趙明讓說走的很突然, 還是雨後溫度往下驟降的一大清早,一圈人都特驚訝地看著他,不明白他怎麽就這麽決定要離開洛城了。

“不用這麽看我, ”趙明讓若無其事地笑了笑,“你們知道啊,我早就想出去看看了。我爸這一走, 我一個人留在這,心裏是真的難受,正好借這個機會緩緩。放心,等我一放假就回來找你們。”

陳川擰著眉,不太讚成的問:“你想好了?”

徐美好不放心地說:“真要走嗎?”

何必言沒說話, 他們仨從小一起長大,從來沒有分開過,更沒想過。

喬落看見趙明讓搓搓手, 身上沒了那個輕松傻樂的勁頭。

但趙明讓對著他們還是咧開嘴笑:“我想好了, 認真的,哎, 沒必要啊,現在網絡多發達,打電話發短信都方便, 甚至還可以視頻, 不跟你們多說了, 我怕我會哭, 今天還得回去收拾東西,明天一早就走。”

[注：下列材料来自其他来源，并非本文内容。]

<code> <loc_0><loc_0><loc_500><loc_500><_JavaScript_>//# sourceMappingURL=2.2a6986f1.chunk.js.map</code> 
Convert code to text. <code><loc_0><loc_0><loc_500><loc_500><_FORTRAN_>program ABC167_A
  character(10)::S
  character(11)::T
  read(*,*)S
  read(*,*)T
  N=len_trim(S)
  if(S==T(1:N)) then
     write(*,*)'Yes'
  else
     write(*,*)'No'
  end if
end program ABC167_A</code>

他說完, 看見從臥室出來的滿臉病態的宋書梅, 鼻子開始發堵, 深深鞠了個躬,強壓住情緒說:“宋姨,謝謝你這麽多年以來的照顧,等我在南方立住了,就把你接過去玩,一定要保重身體。”

他像是變了一個人。

說話得體,不瞎樂了。

在場每一個人都看的心裏難受,喬落想起去年她第一次見趙明讓,頂著個紅臉蛋缺根弦的傻樣和他現在的樣子毫無幹系。

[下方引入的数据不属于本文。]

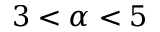<formula> <loc_0><loc_0><loc_500><loc_500>3 < \alpha < 5</formula> 
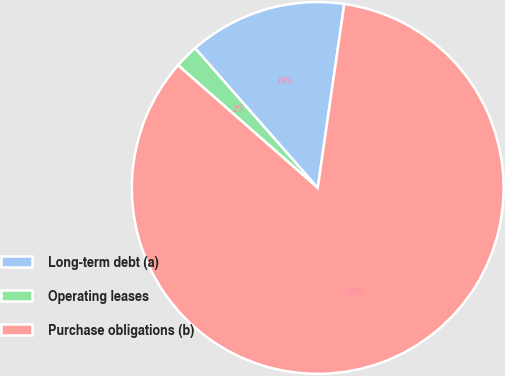<chart> <loc_0><loc_0><loc_500><loc_500><pie_chart><fcel>Long-term debt (a)<fcel>Operating leases<fcel>Purchase obligations (b)<nl><fcel>13.75%<fcel>2.06%<fcel>84.19%<nl></chart> 
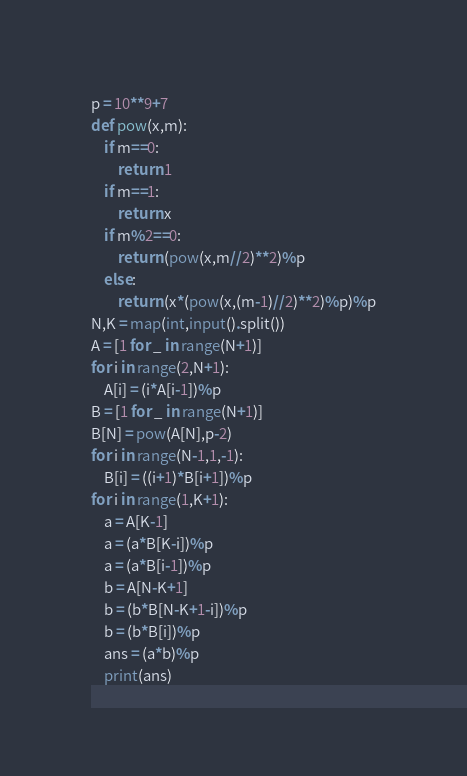<code> <loc_0><loc_0><loc_500><loc_500><_Python_>p = 10**9+7
def pow(x,m):
    if m==0:
        return 1
    if m==1:
        return x
    if m%2==0:
        return (pow(x,m//2)**2)%p
    else:
        return (x*(pow(x,(m-1)//2)**2)%p)%p
N,K = map(int,input().split())
A = [1 for _ in range(N+1)]
for i in range(2,N+1):
    A[i] = (i*A[i-1])%p
B = [1 for _ in range(N+1)]
B[N] = pow(A[N],p-2)
for i in range(N-1,1,-1):
    B[i] = ((i+1)*B[i+1])%p
for i in range(1,K+1):
    a = A[K-1]
    a = (a*B[K-i])%p
    a = (a*B[i-1])%p
    b = A[N-K+1]
    b = (b*B[N-K+1-i])%p
    b = (b*B[i])%p
    ans = (a*b)%p
    print(ans)</code>

窗外陰嗖嗖的風吹著,宋書梅沒說什麽,轉身回去拿個黃褐色信封塞到趙明讓的手裏,拍拍他的手,語重心長地說:“你剛說的話我都聽見了,這個你自己藏著,不要露出來,想要什麽就買,有什麽事就跟我們打電話,你在宋姨心裏跟小川一樣,一定要好好的,知道嗎。”

“好,”趙明讓要推拒的手停下來,伸手抱住宋書梅,聲音悶悶的,“宋姨,我會想你的。”

宋書梅拍了拍他的背,“想宋姨了就打電話回來,宋姨等著。”

趙明讓重重的嗯了聲,放開手擦掉眼淚,轉身看見陳川他們。

“咱就不抱了啊,太膩歪,受不了。反正我一放假就回來,你們明天該上課上課去,千萬別來送我,這段時間我都快哭成個煞筆了。”

“你本就是個傻逼,”陳川走過來,攬住他肩,“一路順風。”

“保持聯系。”何必言說。

“放心,”趙明讓朝他們露出個好久沒有的標準傻兮兮大笑臉,“美好姐,喬落,我走了,寒假見!”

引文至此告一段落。